The Strategic Management Process

LEARNING OBJECTIVES:

In this introductory lesson, the learning objectives are to understand:

• The elements or stages of the strategic management process.


• The scope of the external and internal environments of business.
• The meaning and importance of strategic direction, strategy formulation, and strategy
implementation.
• The processes of strategic control and restructuring.

CHAPTER TOPICS:

This module introduces the strategic management process and its role in business organizations.
The lessons introduce the strategic management process including external environmental analysis,
organizational analysis, the establishment of strategic direction, strategy formulation, strategy
implementation, strategic control, and restructuring.

LECTURE OUTLINE:

I. Opening Vignette—IBM

IBM provides computer hardware, software, and services in more than 170 countries. Several years
ago, the company saw fundamental changes coming. Developing economies were growing rapidly,
a new computing architecture was providing unprecedented computing power and an ability to
transform oceans of data into usable information, and companies were seeking to integrate their
advanced information technologies with other business operations to improve efficiency and facilitate
innovation and growth. In response to these trends, IBM made several bold moves. First, the
company remixed its businesses to take advantage of the most attractive business segments. The
company exited commodity businesses such as PCs and disk drives as well as acquiring over 100
companies in less than ten years, including PricewaterhouseCoopers Consulting. Internally, the
company has formed new units in areas such as analytics, which employs four thousand IBM
consultants. Now the company’s historically large hardware operations provide less than 10% of its
revenues, with approximately 40% each coming from software and services (the rest is from
financing operations). Also, about one-third of IBM’s revenues now come from non-U.S. operations.
Growth is especially strong in Brazil, Russia, India, and China. Moving forward, IBM’s CEO Samuel
J. Palmisano is positioning the company to be a major player in infusing intelligence into the way the
world actually works.

II. What Is Strategic Management?

A. Strategic management is the process through which organizations analyze and learn from
their internal and external environments, establish strategic direction, create strategies that are
intended to help achieve established goals, and execute those strategies, all in an effort to satisfy
key organizational constituencies, which are called stakeholders.

B. External environmental analysis involves evaluation of the broad and task environments to
determine trends, threats, and opportunities and to provide a foundation for strategic direction.
1. The broad environment consists of domestic and global environmental forces such as
sociocultural, technological, political, and economic trends. The broad environment forms the context
within which the firm and its task environment exist.

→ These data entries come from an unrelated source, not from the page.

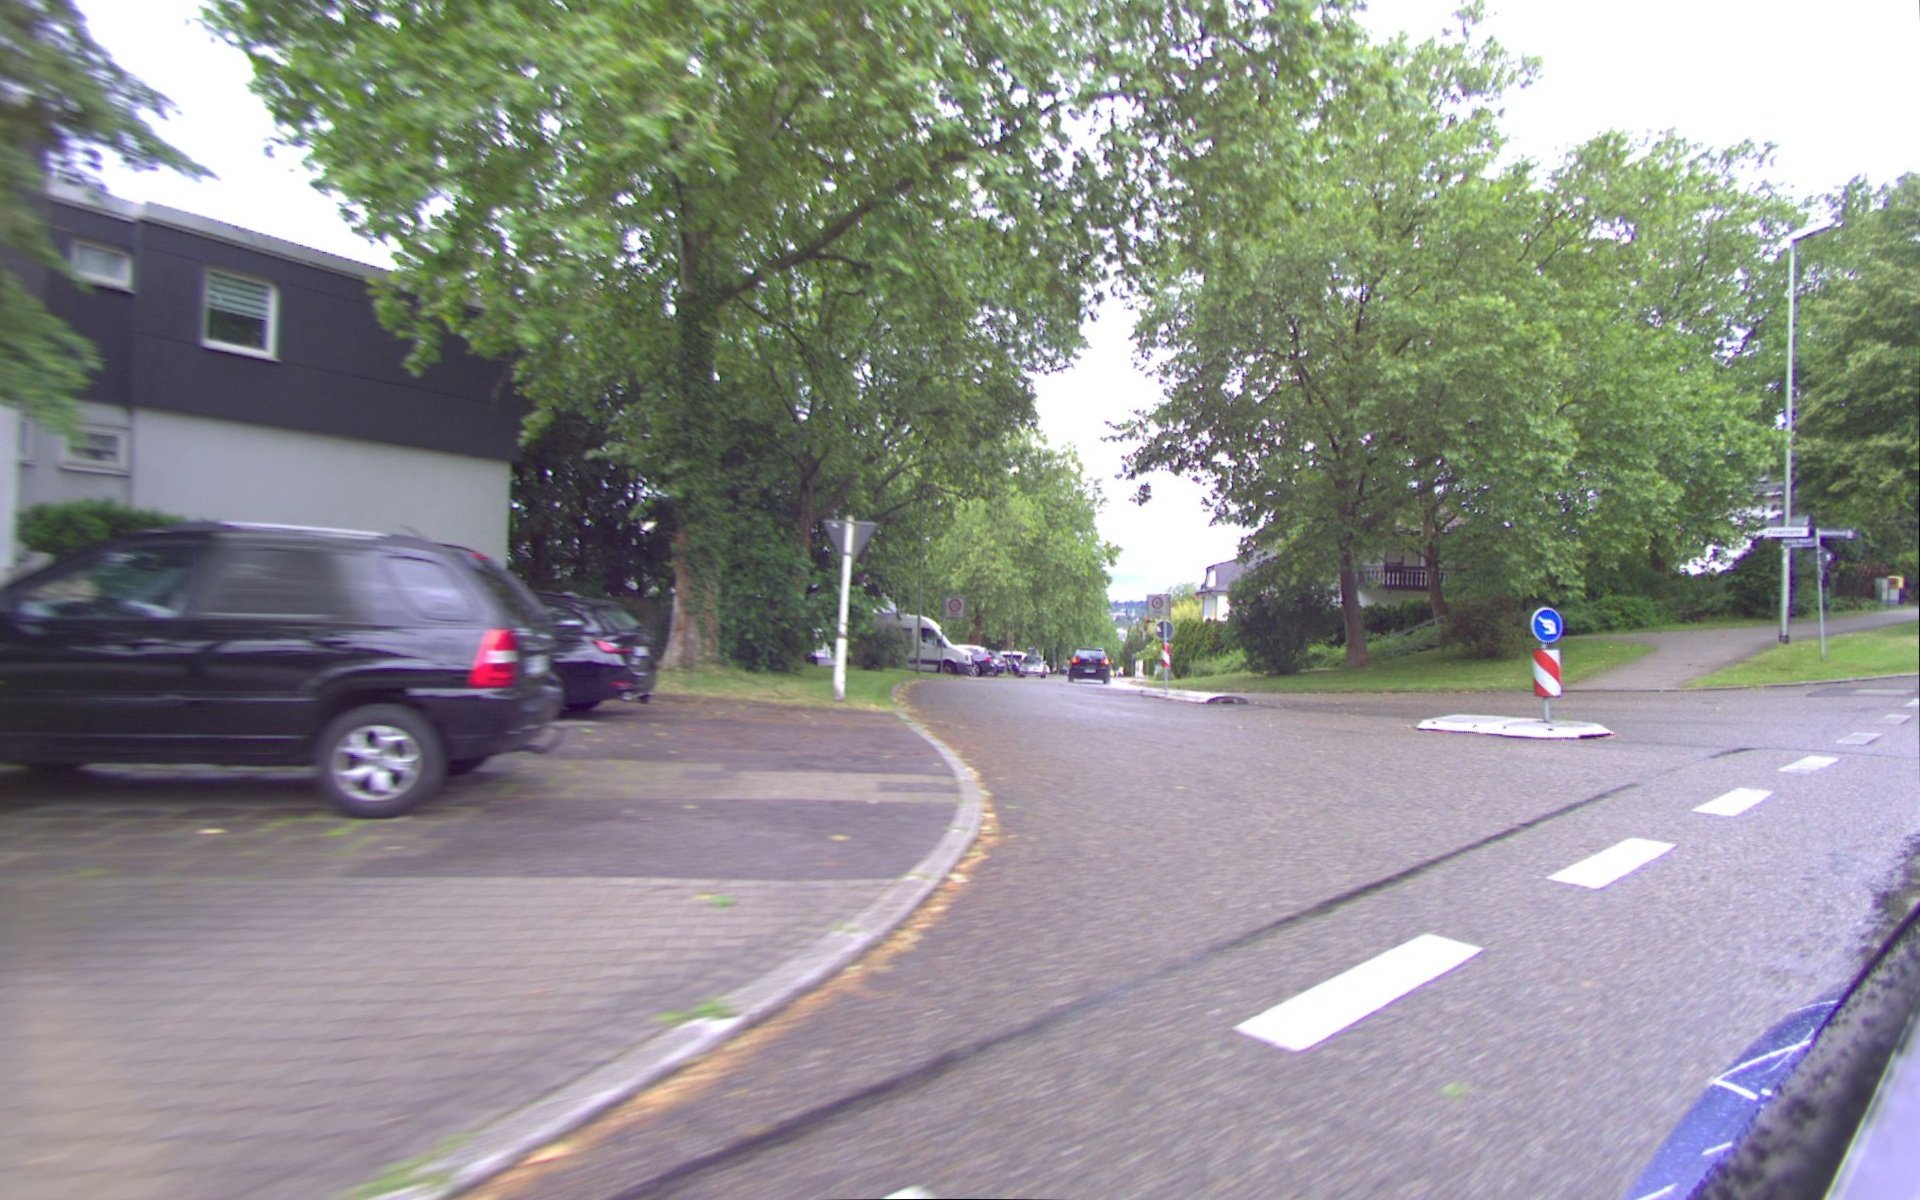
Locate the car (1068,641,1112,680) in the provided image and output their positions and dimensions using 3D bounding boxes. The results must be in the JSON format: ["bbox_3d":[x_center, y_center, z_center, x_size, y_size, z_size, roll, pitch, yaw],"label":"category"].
[{"bbox_3d":[5.427,2.518,42.269,1.698,1.483,3.989,1,-3,8],"label":"car"}]

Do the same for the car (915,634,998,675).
[{"bbox_3d":[-0.160,2.935,55.212,4.233,1.863,2.083,3,0,8],"label":"car"}]

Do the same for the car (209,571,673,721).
[{"bbox_3d":[-5.854,0.526,11.850,4.476,1.489,1.757,2,-2,-2],"label":"car"}]

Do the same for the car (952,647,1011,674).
[{"bbox_3d":[1.678,4.587,77.188,4.232,1.863,2.352,-2,-1,8],"label":"car"}]

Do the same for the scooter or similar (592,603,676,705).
[{"bbox_3d":[-4.543,0.713,14.076,1.336,1.301,0.553,2,2,45],"label":"scooter or similar"}]

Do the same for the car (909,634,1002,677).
[{"bbox_3d":[-0.169,2.886,52.354,4.626,1.864,2.354,3,-4,3],"label":"car"}]

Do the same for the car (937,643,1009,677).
[{"bbox_3d":[0.838,3.694,62.777,4.232,1.863,2.352,-2,-1,8],"label":"car"}]

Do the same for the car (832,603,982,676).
[{"bbox_3d":[-2.233,1.658,43.854,6.046,2.707,2.351,3,0,9],"label":"car"}]

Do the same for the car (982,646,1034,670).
[{"bbox_3d":[4.196,5.036,87.971,4.232,1.863,2.159,-2,-1,8],"label":"car"}]

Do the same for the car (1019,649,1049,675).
[{"bbox_3d":[4.936,4.091,67.280,1.698,1.483,3.991,-2,-1,7],"label":"car"}]

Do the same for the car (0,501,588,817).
[{"bbox_3d":[-5.106,0.339,6.520,4.801,1.711,1.957,2,-1,-12],"label":"car"}]

2. The task environment consists of external stakeholders—groups or individuals outside the


organization that is significantly influenced by or have a major impact on the organization.

3. All of the external stakeholders should be analyzed at both the domestic and international
levels.

C. Internal stakeholders include managers, employees, and the owners and their representatives
(e.g., board of directors).

1. A fully developed internal analysis includes an evaluation of internal stakeholders and the
organization’s resources and capabilities to determine strengths, weaknesses, and opportunities for
competitive advantage and to identify organizational vulnerabilities that should be corrected.

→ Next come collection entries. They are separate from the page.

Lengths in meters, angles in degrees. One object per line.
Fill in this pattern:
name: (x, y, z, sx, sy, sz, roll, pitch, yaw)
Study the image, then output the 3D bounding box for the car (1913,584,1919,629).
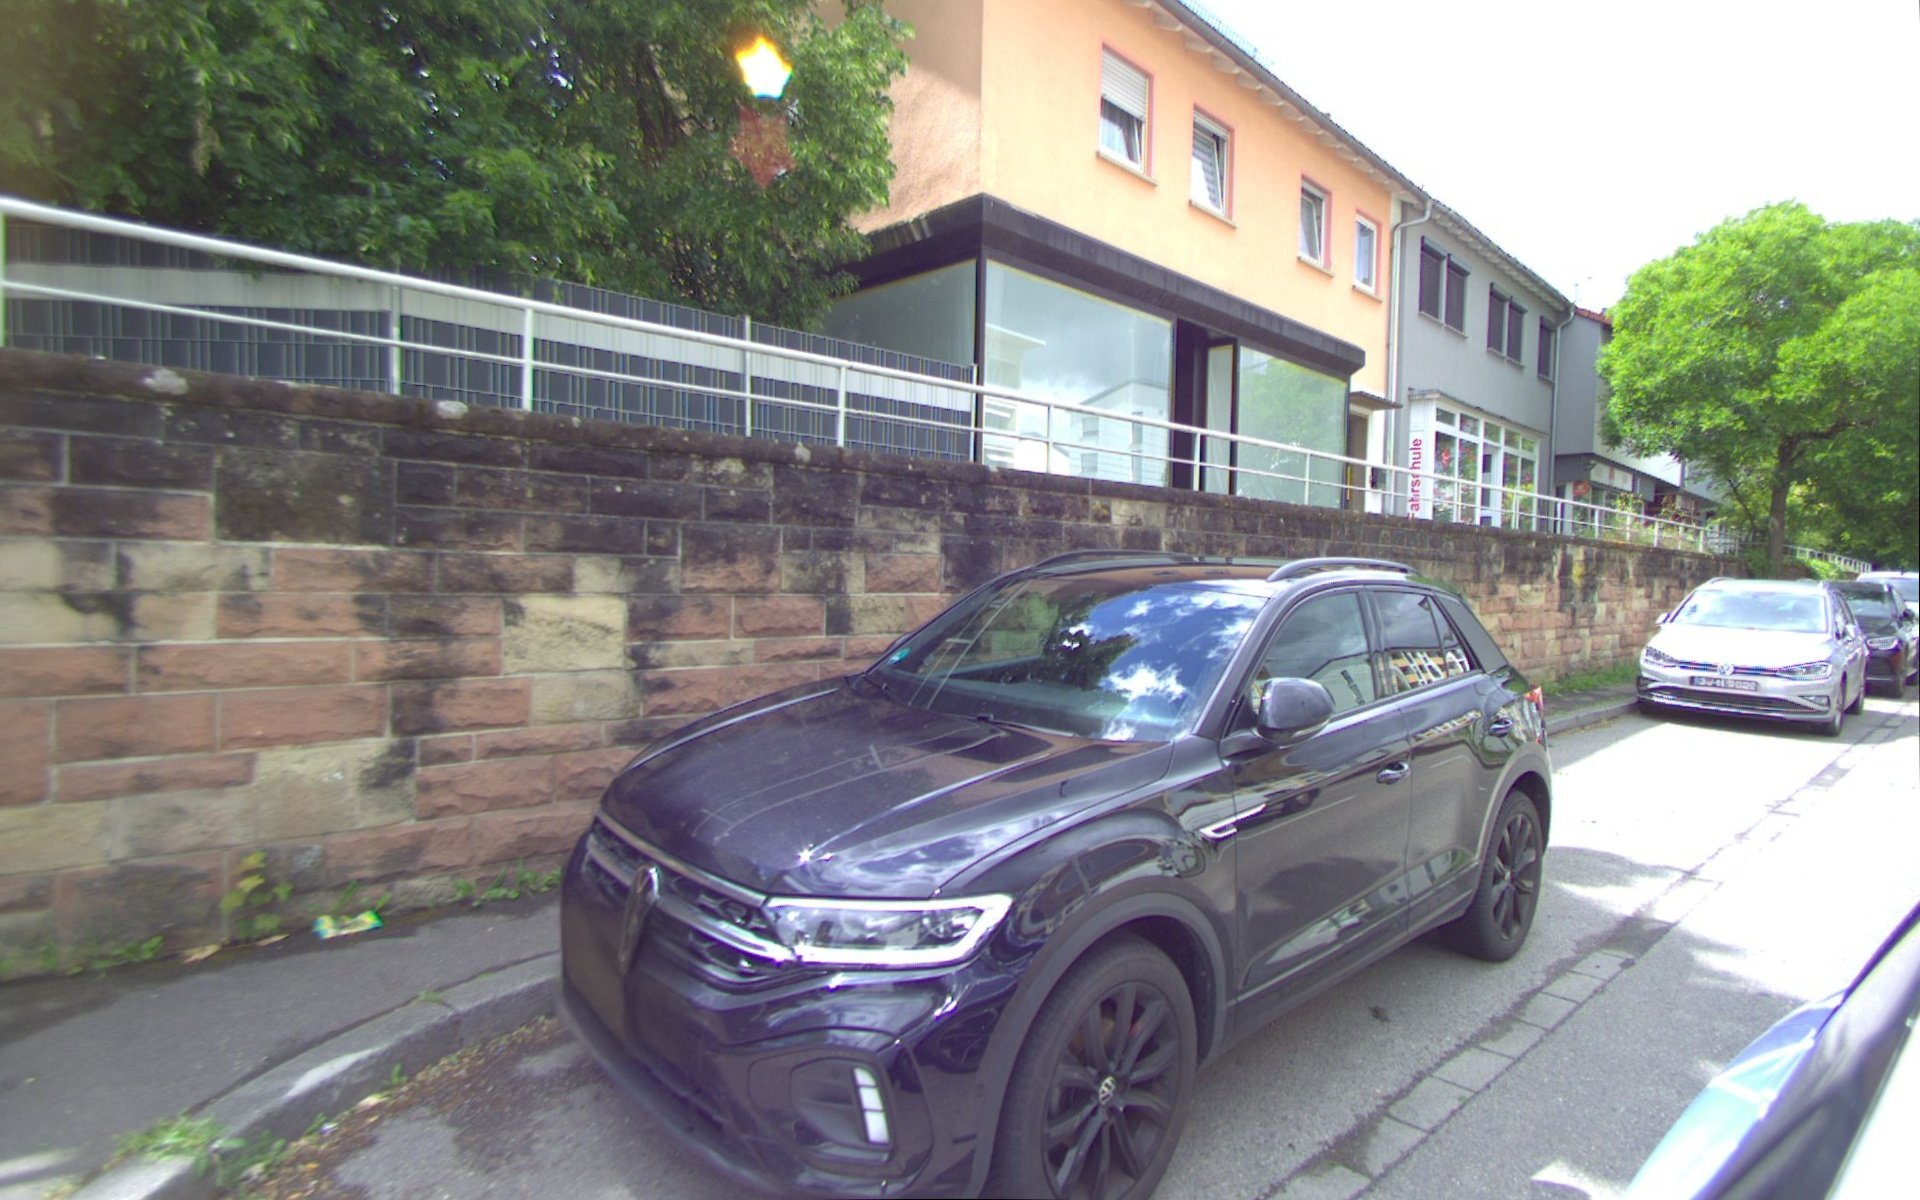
car: (35.412, 0.248, 35.983, 4.730, 1.535, 1.852, -1, 3, -43)

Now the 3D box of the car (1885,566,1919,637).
car: (28.992, 0.027, 29.983, 4.886, 1.961, 1.852, -1, 3, -43)

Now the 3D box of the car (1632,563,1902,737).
car: (9.382, 0.441, 11.645, 4.104, 1.587, 1.758, 0, 4, -43)

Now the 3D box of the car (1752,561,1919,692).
car: (13.788, 0.313, 15.662, 3.932, 1.737, 1.758, -1, 3, -43)

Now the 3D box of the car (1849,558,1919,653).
car: (22.334, 0.092, 23.603, 4.886, 2.033, 1.852, -1, 3, -43)

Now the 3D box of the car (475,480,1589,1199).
car: (0.623, 0.537, 3.643, 3.954, 1.599, 1.758, -1, 3, -43)

D. A SWOT (Strengths, Weaknesses, Opportunities, Threats) analysis is a useful technique for


organizing an assessment of internal and external environmental sources of influence.

1. Strengths are firm resources and capabilities that can lead to a competitive advantage.

2. Weaknesses are resources and capabilities that the firm does not possess but that are
necessary, resulting in a competitive disadvantage.

3. Opportunities are conditions in the broad and task environments that allow a firm to take
advantage of organizational strengths, overcome organizational weaknesses, and/or neutralize
environmental threats.

4. Threats are conditions in the broad and task environments that may stand in the way of
organizational competitiveness or the achievement of stakeholder satisfaction.

E. Strategic direction pertains to the longer-term goals and objectives and defines the purposes for
which an organization exists and operates.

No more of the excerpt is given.